Bolas De Queijo Na Garganta - Cáseos

01/07/2009 • Por • 202,838 Acessos

É freqüente muitas pessoas se questionarem sobre umas massas parecidas com grãos de arroz de cor branco ou amarelada, que vêm da garganta e aparecem na boca. Muitos pensam que são apenas restos de comida, mas não...

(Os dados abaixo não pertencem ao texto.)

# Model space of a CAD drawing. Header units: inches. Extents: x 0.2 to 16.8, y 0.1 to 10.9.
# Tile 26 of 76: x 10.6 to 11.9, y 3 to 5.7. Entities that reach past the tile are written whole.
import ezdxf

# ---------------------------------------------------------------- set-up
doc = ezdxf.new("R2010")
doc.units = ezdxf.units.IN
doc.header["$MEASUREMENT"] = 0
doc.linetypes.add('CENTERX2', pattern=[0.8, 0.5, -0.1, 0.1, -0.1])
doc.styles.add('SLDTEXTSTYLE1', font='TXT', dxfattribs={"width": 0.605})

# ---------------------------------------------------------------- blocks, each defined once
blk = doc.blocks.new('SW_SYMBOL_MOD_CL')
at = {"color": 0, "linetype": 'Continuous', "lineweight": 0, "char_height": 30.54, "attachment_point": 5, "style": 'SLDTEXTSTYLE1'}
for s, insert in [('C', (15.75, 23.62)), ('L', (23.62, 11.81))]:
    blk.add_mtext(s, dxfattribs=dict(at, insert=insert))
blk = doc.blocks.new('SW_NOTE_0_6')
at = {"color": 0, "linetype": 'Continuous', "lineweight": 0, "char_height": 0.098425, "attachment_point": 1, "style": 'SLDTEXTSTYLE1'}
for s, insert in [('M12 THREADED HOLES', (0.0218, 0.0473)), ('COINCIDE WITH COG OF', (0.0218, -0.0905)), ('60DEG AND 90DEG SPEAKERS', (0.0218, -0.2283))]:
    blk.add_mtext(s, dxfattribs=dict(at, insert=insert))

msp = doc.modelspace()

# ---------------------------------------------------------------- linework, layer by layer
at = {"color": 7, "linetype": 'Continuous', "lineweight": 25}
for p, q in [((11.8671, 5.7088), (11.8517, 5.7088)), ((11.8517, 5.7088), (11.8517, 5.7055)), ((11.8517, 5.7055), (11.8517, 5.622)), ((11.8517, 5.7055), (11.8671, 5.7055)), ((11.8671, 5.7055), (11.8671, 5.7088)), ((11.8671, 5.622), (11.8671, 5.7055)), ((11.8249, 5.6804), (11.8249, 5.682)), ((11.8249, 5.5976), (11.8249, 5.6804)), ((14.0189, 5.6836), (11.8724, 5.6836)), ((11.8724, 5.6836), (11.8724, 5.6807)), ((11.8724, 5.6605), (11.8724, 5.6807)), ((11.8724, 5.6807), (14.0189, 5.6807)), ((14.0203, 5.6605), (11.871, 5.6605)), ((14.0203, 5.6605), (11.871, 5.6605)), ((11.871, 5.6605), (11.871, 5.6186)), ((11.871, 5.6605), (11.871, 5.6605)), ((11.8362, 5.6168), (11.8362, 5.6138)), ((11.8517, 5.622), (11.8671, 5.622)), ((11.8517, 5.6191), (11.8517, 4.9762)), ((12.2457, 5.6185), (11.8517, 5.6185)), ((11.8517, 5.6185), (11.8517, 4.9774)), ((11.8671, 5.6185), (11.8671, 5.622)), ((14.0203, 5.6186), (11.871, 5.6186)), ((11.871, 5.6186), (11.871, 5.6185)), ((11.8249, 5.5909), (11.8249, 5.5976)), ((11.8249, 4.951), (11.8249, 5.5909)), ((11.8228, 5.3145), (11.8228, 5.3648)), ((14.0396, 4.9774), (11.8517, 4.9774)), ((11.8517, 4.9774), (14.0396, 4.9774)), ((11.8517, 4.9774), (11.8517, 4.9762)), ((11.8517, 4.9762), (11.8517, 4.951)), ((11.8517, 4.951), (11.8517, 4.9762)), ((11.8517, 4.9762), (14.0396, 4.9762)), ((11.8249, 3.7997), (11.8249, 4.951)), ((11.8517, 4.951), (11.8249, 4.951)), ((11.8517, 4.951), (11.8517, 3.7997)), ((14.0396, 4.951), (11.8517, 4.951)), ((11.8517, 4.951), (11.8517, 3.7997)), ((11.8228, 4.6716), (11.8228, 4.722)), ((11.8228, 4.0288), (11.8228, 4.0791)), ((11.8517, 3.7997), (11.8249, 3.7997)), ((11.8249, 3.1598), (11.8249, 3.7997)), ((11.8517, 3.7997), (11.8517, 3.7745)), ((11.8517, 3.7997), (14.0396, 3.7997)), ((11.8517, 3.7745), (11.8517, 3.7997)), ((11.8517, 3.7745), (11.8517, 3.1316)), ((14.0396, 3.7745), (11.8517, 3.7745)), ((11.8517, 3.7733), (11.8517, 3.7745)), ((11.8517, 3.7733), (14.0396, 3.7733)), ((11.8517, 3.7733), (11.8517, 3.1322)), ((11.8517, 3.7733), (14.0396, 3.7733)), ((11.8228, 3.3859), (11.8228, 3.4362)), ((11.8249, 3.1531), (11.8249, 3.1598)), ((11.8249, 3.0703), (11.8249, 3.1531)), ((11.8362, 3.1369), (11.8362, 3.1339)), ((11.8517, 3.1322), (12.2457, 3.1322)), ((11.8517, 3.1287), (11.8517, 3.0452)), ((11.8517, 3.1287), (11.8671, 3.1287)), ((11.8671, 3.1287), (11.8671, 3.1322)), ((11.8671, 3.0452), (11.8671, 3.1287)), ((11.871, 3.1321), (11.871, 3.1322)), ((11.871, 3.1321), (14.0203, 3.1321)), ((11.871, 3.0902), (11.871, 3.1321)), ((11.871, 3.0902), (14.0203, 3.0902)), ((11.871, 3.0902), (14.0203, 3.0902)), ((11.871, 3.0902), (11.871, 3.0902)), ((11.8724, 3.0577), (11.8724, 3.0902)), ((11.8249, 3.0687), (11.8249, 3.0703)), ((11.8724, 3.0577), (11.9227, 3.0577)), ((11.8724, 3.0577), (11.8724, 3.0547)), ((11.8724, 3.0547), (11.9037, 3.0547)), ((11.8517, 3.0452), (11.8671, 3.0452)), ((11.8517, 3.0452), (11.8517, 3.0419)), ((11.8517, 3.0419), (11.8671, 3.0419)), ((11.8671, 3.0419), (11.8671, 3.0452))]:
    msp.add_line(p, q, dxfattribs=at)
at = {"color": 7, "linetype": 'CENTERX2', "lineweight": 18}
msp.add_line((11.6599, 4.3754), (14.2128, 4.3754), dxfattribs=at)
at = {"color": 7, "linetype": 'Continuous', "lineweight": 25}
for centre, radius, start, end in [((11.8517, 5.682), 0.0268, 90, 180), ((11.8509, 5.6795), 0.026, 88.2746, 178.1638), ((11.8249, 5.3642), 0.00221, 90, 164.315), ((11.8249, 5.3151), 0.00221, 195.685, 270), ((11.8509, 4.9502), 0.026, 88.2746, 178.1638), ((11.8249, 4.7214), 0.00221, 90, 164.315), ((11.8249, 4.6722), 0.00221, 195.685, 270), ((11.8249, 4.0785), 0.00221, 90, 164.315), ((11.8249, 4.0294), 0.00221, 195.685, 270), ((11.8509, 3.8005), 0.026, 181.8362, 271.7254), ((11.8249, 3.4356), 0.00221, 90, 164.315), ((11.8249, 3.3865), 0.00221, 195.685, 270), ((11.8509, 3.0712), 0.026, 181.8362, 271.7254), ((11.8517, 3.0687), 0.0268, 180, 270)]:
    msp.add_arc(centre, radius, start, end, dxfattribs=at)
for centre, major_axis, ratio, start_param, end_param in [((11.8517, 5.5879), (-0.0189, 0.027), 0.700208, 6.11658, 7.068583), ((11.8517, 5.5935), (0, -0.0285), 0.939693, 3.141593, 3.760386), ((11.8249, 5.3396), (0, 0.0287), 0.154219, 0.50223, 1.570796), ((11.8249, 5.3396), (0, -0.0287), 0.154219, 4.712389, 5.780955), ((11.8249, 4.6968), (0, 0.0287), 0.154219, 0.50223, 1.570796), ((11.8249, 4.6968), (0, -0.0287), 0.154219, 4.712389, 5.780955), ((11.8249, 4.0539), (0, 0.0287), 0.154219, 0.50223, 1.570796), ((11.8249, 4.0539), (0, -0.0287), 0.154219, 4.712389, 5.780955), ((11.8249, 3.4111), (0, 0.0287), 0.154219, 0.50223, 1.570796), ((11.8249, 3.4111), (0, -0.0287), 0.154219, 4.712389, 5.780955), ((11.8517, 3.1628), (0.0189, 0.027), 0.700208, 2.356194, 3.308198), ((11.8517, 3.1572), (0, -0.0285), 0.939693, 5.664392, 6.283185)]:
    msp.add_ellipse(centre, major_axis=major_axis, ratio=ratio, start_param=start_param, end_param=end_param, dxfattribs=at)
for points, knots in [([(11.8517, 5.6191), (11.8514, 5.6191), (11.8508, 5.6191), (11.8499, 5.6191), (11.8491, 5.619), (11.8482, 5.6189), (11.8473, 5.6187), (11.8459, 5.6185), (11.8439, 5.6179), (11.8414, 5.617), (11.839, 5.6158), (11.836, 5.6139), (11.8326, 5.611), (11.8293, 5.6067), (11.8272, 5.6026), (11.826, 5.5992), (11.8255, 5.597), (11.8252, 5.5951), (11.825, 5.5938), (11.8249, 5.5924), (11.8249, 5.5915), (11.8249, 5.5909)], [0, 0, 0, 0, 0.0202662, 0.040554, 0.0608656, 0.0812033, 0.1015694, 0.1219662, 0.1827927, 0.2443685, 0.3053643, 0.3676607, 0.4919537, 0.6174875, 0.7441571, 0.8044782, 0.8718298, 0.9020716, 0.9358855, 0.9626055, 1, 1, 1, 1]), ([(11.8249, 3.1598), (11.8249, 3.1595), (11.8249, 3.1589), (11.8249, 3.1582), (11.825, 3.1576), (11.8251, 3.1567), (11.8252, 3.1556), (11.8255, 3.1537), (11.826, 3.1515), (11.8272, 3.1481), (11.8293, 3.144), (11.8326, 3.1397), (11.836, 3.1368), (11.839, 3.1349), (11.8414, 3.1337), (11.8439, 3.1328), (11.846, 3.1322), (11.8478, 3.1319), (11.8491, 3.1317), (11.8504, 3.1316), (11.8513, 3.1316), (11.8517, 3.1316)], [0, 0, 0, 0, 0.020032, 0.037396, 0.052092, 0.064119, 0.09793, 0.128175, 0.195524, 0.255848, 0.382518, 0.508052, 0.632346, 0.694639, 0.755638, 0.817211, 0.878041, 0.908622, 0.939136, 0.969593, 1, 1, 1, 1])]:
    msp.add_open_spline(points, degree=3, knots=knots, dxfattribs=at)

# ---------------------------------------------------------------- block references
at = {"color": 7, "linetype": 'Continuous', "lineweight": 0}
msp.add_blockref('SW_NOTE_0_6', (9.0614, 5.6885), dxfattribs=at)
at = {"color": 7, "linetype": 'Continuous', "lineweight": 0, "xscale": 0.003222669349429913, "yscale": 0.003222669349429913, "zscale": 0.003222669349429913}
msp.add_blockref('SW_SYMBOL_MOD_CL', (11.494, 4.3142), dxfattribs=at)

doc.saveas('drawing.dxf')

Os cáseos amigdalianos apresentam-se como pequenas massas esbranquiçadas ou amareladas de odor extremamente desagradável. O seu nome deriva do latim "caseum", que significa queijo, devido à sua semelhança com uma pequena bolinha de queijo. Formam-se em buracos das tonsilas denominados criptas. São frequentemente associados a uma sensação de desconforto, irritação de garganta e são expelidos durante a fala, tosse ou espirros. Podem ocorrer em qualquer idade e até em indivíduos que nunca apresentaram queixas.

A composição consiste em células epiteliais descamadas da mucosa oral, proteínas salivares e restos alimentares que servirão de substrato alimentar para as bactérias anaeróbicas proteolíticas. Quando essas bactérias digerem as proteínas, são liberadas substâncias que têm mau cheiro. Entre elas o gás sulfídrico, resultante do metabolismo anaeróbico – escatol, que libera cheiro de ovo choco – putrescina, substância encontrada nas fezes – cadaverina, produto usual da decomposição de corpos. A mistura dos odores dessas substâncias não costuma ser percebida pelos portadores, mas provocam repulsa nos que se relacionam com eles.

Pesquisas recentes da Universidade de Michigan, lideradas por Walter Loesche, concluiram que os microorganismos presentes nos cáseos são diferentes dos relacionados com a placa bacteriana dentária. Também se concluiu que o substrato nutritivo necessário para a atividade das bactérias dos cáseos não serão os restos de alimentos dispersos pela boca, mas sim matéria em decomposição retida na área posterior da língua.

A explicação proposta é simples. Essa região recebe fluxo diminuído de saliva e contém grande número de criptas – invaginações, nas quais bactérias podem se esconder. Nesse local privilegiado, digerem proteínas celulares originadas da descamação da boca, como também as contidas no muco que gotejam imperceptível dos seios da face na direção da faringe – corrimento nasal posterior.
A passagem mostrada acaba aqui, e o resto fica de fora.